Though the exact cause of ovarian adenocarcinoma has yet to be determined, there are some factors that point to higher risk. Family history is one factor, with studies showing that women from families with a history of breast or ovarian cancer may be at a 20 percent higher risk for the disease. There also appears to be a link between ovarian adenocarcinoma and child bearing. Women who are infertile, as well as women who are fertile, but have never had a child, are also at higher risk. Hormonal birth control may also be a contributing factor.

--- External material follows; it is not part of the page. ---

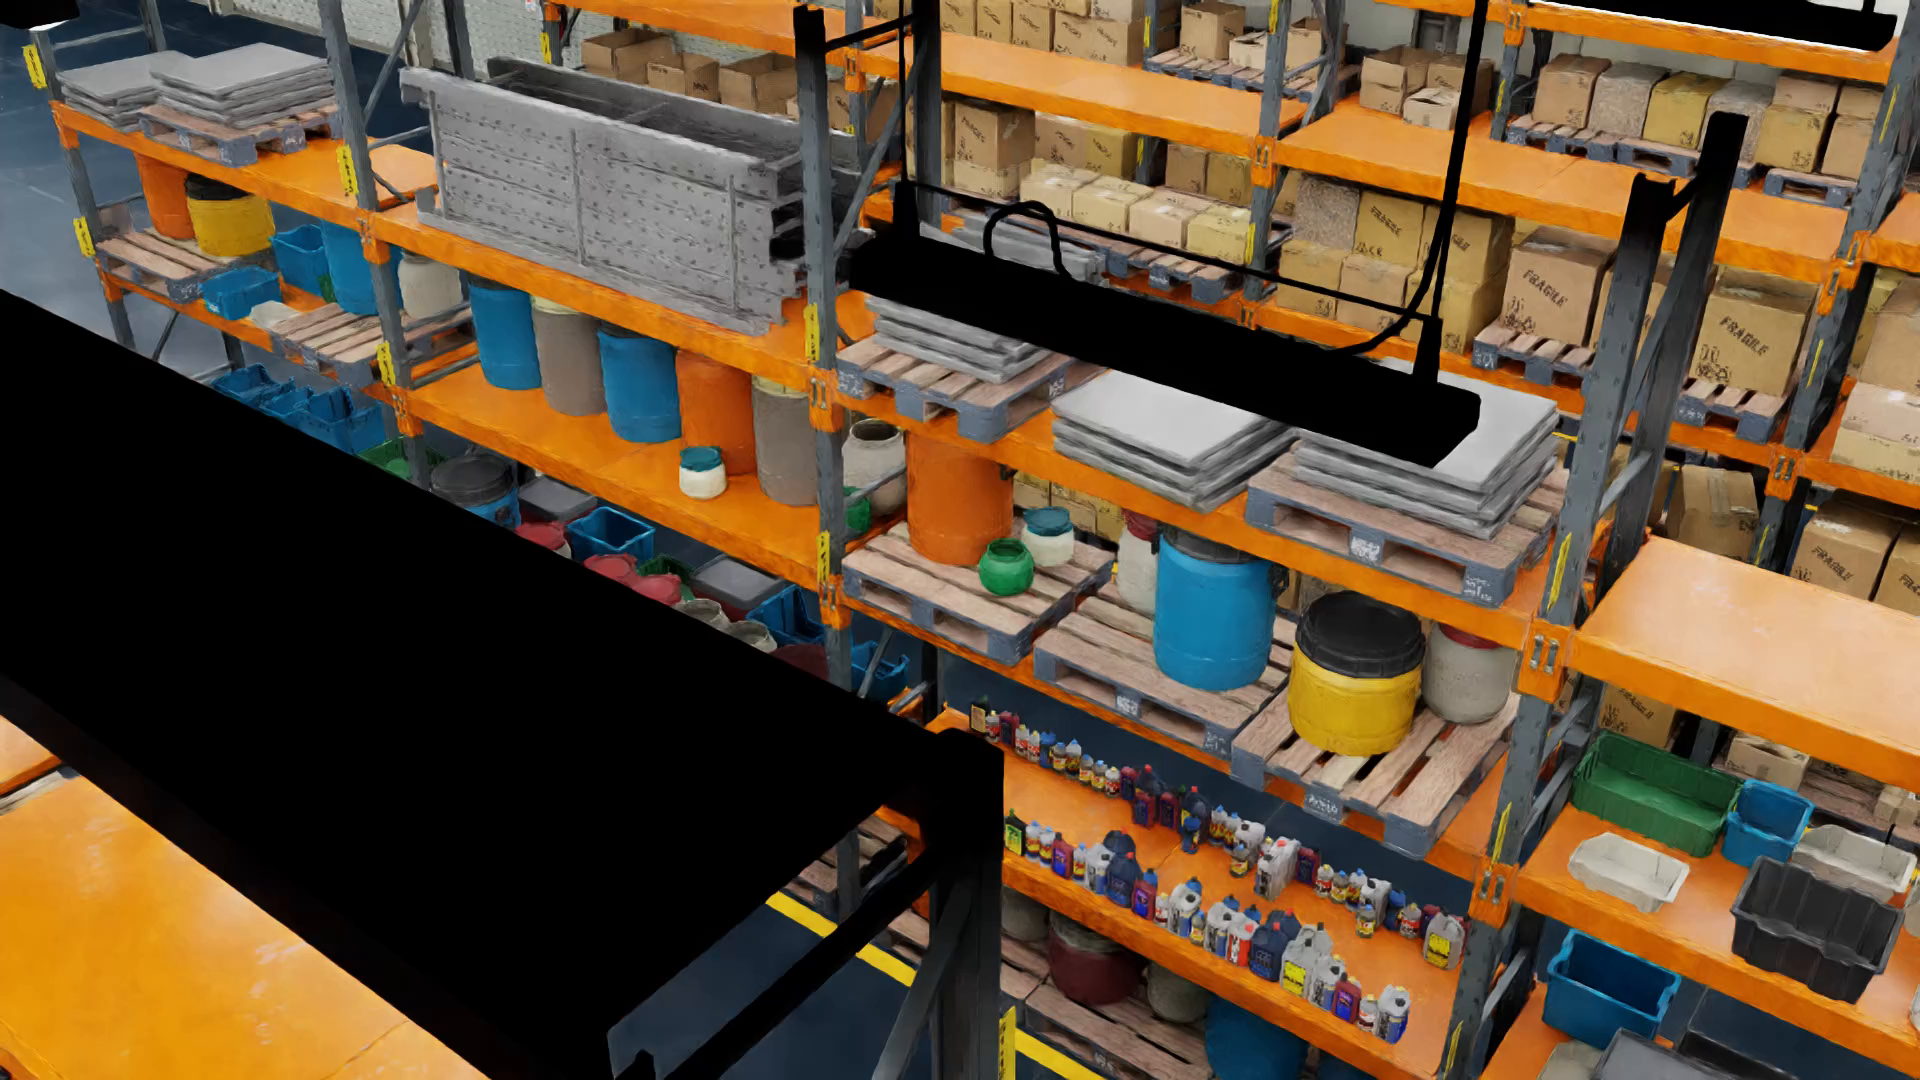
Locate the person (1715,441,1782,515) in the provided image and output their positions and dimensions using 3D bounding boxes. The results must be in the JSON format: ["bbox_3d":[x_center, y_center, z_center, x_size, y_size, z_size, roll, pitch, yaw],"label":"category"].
[{"bbox_3d":[6.914,-0.555,14.446,0.652,1.787,0.522,9,33,14],"label":"person"}]

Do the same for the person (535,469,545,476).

Symptoms of ovarian cancer do not usually show up until advanced stages, and even then, they are often associated with other, less serious conditions. The symptoms could include tiredness, nausea, or constipation. Swollen stomach and difficulty breathing may also be present.
Scientists have determined that mutations in the genes BRCA1 and BRCA2 can often lead to ovarian cancer. Females with this gene mutation have as much as a 60-percent increased risk factor. This mutation is often inherited, so women with a family history of ovarian adenocarcinoma are often advised to undergo genetic testing to find out if this mutation is present. If the mutation is found, doctors often suggest the removal of ovaries and fallopian tubes, a procedure that virtually eliminates the risk.
Treatment for ovarian adenocarcinoma can vary, and doctors generally take a number of factors into consideration, including the age of the patient and the stage of the disease. Surgery to remove the affected organs is one of the more frequent treatments. In younger women, or women who still want to have children, doctors may first attempt to just remove the tumors and leave the reproductive system intact. This requires extensive monitoring, as the cancer often recurs. Surgery is often followed by chemotherapy, which employs the use of chemicals to kill cancer cells.